CATEGORY: Marshall County



By Cynthia M. Jeffries

Daily Journal

HOLLY SPRINGS - After several failed attempts and many rejection letters, Marshall County officials have finally received approval from the state's historical society to upgrade the more than 100-year-old county courthouse.

Earlier this month, the Mississippi Department of Archives and History approved a grant to reconstruct sections of the Holly Springs landmark.

"We have been back and forth so long trying to get them to approve a plan," said Marshall County Administrator Larry Hall.

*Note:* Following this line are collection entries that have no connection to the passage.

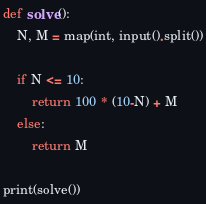<code> <loc_0><loc_0><loc_500><loc_500><_Python_>def solve():
    N, M = map(int, input().split())
    
    if N <= 10:
        return 100 * (10-N) + M
    else:
        return M

print(solve())</code> 
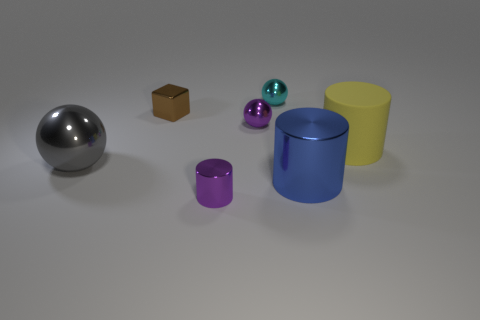What is the material texture of the object second from the left? The second object from the left seems to have a matte, cardboard-like texture, differing from the others which appear to be smooth and shiny. 
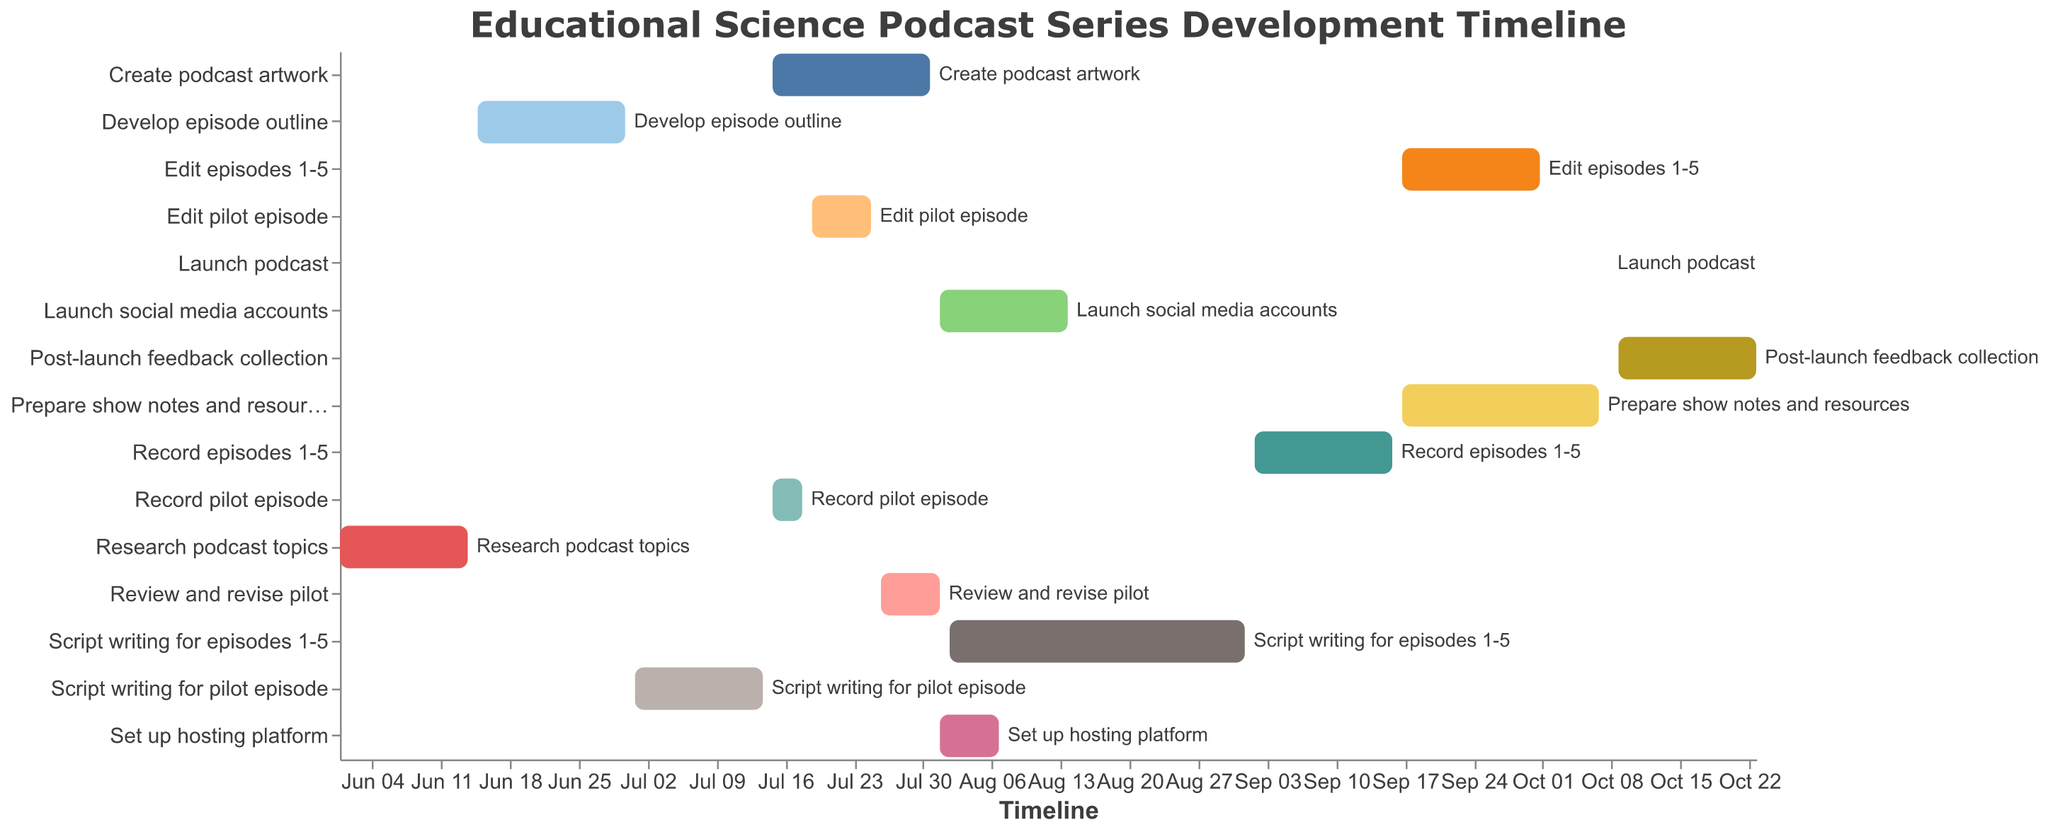When does the project start and end? According to the Gantt Chart, the timeline shows the project's activities starting from the earliest to the latest dates. The earliest start date visible in the chart is June 1, 2023, and the latest end date visible is October 23, 2023.
Answer: June 1, 2023 - October 23, 2023 Which task takes the longest time to complete in the project timeline? To find the task with the longest duration, examine the gaps between the start and end dates for each task. "Script writing for episodes 1-5" starts on August 2 and ends on September 1, thus spanning 31 days, making it the longest task.
Answer: Script writing for episodes 1-5 How many tasks are scheduled to end on August 1, 2023? Look at the chart and identify tasks with the end date of August 1, 2023. "Review and revise pilot" ends on August 1, 2023.
Answer: One task When is the pilot episode recording scheduled to start and end? Check the time indicated for "Record pilot episode." The Gantt chart shows that the task begins on July 15, 2023, and ends on July 18, 2023.
Answer: July 15, 2023 - July 18, 2023 Which tasks overlap with the task "Script writing for pilot episode"? Look at "Script writing for pilot episode" which runs from July 1, 2023, to July 14, 2023. Identify any tasks that fall within this timeframe. No other tasks overlap directly within these exact dates.
Answer: None How many tasks occur after the podcast launch date? The Gantt chart indicates that the podcast launch is on October 8, 2023. "Post-launch feedback collection" starts on October 9, 2023, which is the only task post-launch.
Answer: One task What tasks are scheduled during July 2023? To find tasks for July 2023, look for bars that span any date in this month. These include "Script writing for pilot episode," "Record pilot episode," "Edit pilot episode," "Review and revise pilot," and "Create podcast artwork".
Answer: Five tasks Is there any task with the same start and end date? Look at each task's start and end dates. The "Launch podcast" task is the only task with the start and end date being the same, which is October 8, 2023.
Answer: Yes, Launch podcast Which two tasks have the start date of July 15, 2023? Examine the chart and find tasks starting on July 15, 2023. These are "Record pilot episode" and "Create podcast artwork".
Answer: Record pilot episode and Create podcast artwork When does the task "Edit episodes 1-5" begin and end, and how long does it take to complete? The task "Edit episodes 1-5" starts on September 17, 2023, and ends on October 1, 2023. The duration can be calculated by counting the days between the start and end dates, resulting in 15 days.
Answer: September 17, 2023 - October 1, 2023, 15 days

"We finally got one that they like."

The county has been awarded a $100,000 grant to make the courthouse accessible to the handicapped; replace weathered exterior doors; repair chipped columns; upgrade the courtrooms; paint offices and hallways; and, repair the steps in the three-story building.

The courthouse is not in compliance with the Americans with Disabilities Act. A pending lawsuit filed on behalf of a wheelchair-bound Marshall County resident mandates that the courthouse, as well as other county and city buildings, come into compliance with the federal law.

In an attempt to do that, the space that is currently used for a men's bathroom on the first floor will be converted into an elevator lobby, basically because of its location near the steps, Hall said. A storage room on the first floor will then be converted into the men's bathroom.

Because the courthouse is a registered Mississippi landmark, any upgrades or improvements cannot alter the building too severely from its original 1872 appearance. For example, extra care will have to be given during the renovation to pieces of the building like the hand-turned bannisters that were created before the turn of the century.

A date has not been set for the work to begin, Hall said. Archive officials will make that determination, as well as hire those who will do the work.

In all, Marshall County sent 96 applications to the state requesting a total of $13 million dollars for various projects, including work on the Marshall County African-American Museum and several other city and county buildings.

The courthouse project was the only one to be approved.

The county applied for $241,000 for the courthouse work but was granted less than half that amount. County officials also voted in December to set aside $150,000 to make some of the improvements.

"We were going to do some of this regardless of whether we got the grant or not," Hall said.

Sitting atop the courthouse is an A.S. Hotchkiss weight-driven clock, one of only a few such clocks in the nation. The clock, which gongs on the hour and half-hour, can be heard from several miles away.